While it is true that Data Structures and Algorithms are outsourced to packages, your ability to make inferences from data is aided by your understanding of algorithms and data structures. While interviewers won’t ask you to implement skip lists or balance k-d trees, they would still expect you to understand order complexity of algorithms, be familiar with basic data structures such as linked lists, stacks, trees, hash-tables and heap, and be comfortable with algorithms such as sorting, shortest paths, string processing and the like. In other words, hygiene questions from data structures and algorithms. You may think it is inappropriate to judge you through this lens, but remember you are making it easy for the competition. We’re sure you are more than up to it.

Know the Company

The very fact that you have been called for an interview is an indication that your prior experience has been considered as a potential fit by HR and by the hiring manager.
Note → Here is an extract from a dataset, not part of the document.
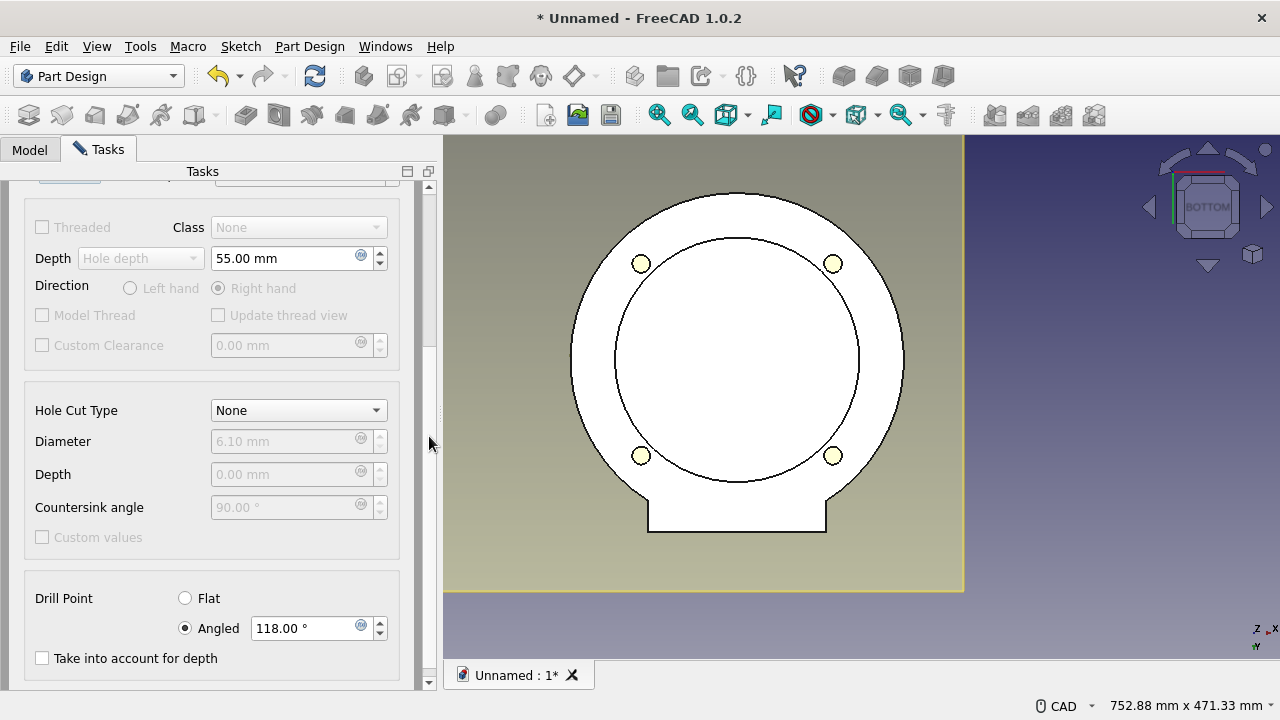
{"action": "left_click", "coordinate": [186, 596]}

Don’t stop there! It is your responsibility to research and know what the company does and how you can add value — this is a great distinguisher. Why then are we mentioning such a great distinguisher at the bottom of the list? It comes into its own after you have taken care of other aspects of preparation. What is the point in the candidate knowing a lot about the organization if it is not backed by a strong show of fundamentals in the interviews?

What to ask when asked, “Do you have any questions?”

Beware, this is no invitation to cozy up with the interviewer. Be as formal and polite as you’ve been throughout the interview.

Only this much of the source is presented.